Крестьяне, услыхав о гибели вороного, подсели поближе.
— Я его ржанье за сто метров узнавал, — сокрушенно вздыхал Муса. — Даже копытами цокал по-своему, душа моя! Знатный был конь, паша среди коней.
— Верно, паша среди коней, — кивал Мастан. — отпрыск жеребца самого паши! Кому, как не ему быть пашой среди коней!
— Больно пуглив был, — вставил Хотунлу.
— Потому что породистый, понял? Не чета вашим полудохлым клячам. Им все равно! А этот чуял, когда лист мимо пролетит. Я бы его на десять человек не променял. Он лучше меня понимал, кто мой враг, а кто друг. От смерти меня спас. Никогда не забуду!
— Что ты говоришь? — удивился Хотунлу.
— А как же! Поехал я как-то на озеро уток стрелять. Утки далеко сели.
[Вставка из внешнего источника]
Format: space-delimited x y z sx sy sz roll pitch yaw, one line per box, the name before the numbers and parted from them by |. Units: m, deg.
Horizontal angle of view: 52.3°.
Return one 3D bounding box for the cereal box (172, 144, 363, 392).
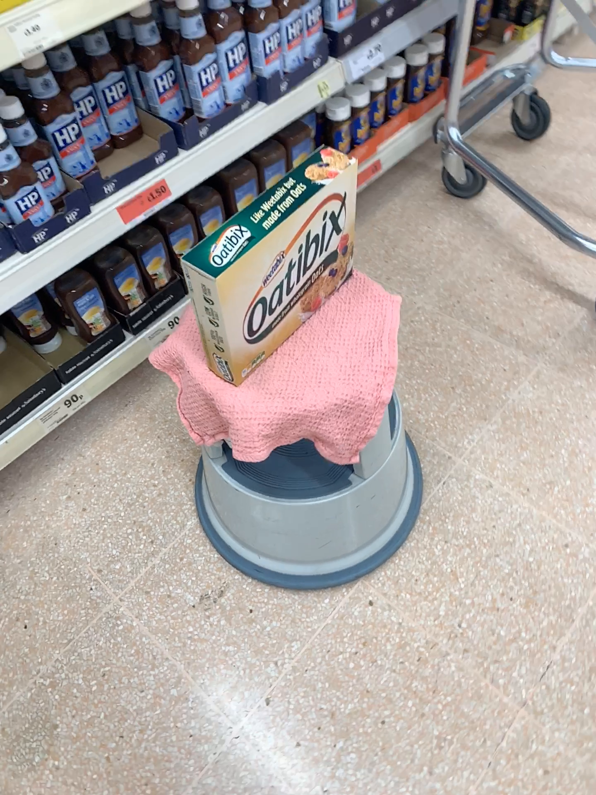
cereal box | -0.024 -0.165 0.779 0.060 0.189 0.271 32 62 23
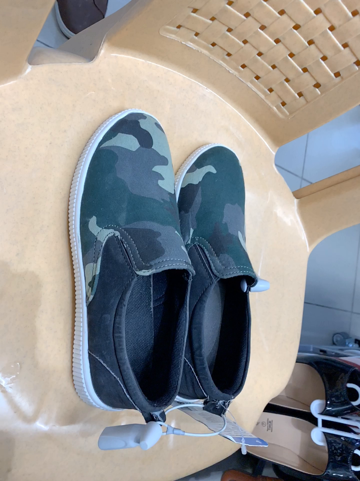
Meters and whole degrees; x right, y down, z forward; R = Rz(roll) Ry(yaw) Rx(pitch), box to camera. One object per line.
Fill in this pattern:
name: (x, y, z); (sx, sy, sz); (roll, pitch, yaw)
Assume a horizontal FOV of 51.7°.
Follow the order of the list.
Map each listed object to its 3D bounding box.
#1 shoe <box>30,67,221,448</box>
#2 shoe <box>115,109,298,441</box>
shoe: (-0.043, 0.011, 0.281); (0.090, 0.100, 0.220); (7, 85, -35)
shoe: (0.025, 0.029, 0.332); (0.090, 0.100, 0.240); (16, 77, -34)
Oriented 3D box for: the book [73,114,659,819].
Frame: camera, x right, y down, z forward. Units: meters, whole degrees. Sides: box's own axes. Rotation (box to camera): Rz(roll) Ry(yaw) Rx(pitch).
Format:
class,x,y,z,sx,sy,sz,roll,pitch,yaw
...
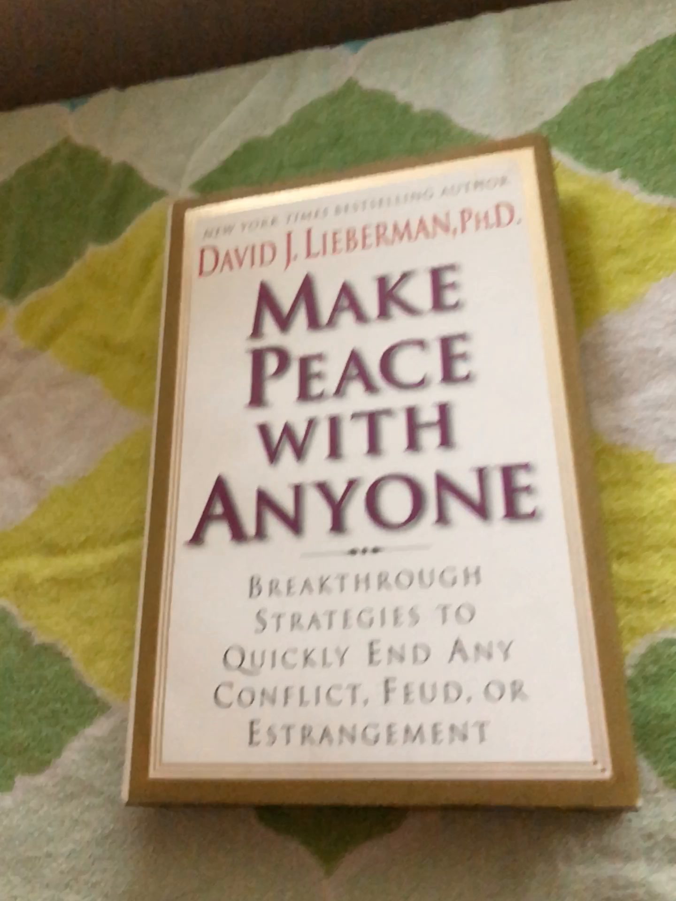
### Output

Начал я подъезжать к ним тихонько. Вдруг стал вороной как вкопанный. Порази его аллах — с места не тронется, что значит порода! А оказалось, впереди прямо перед конем яма глубокая. Крестьяне потом рассказали. Никогда я этот случай не забуду.
— Эх, — вздыхал Ахмед, — словно ребенка своего лишился! Даю, бывало, ему овес, а он ржет. Я его по ржанью, как человека, понимал.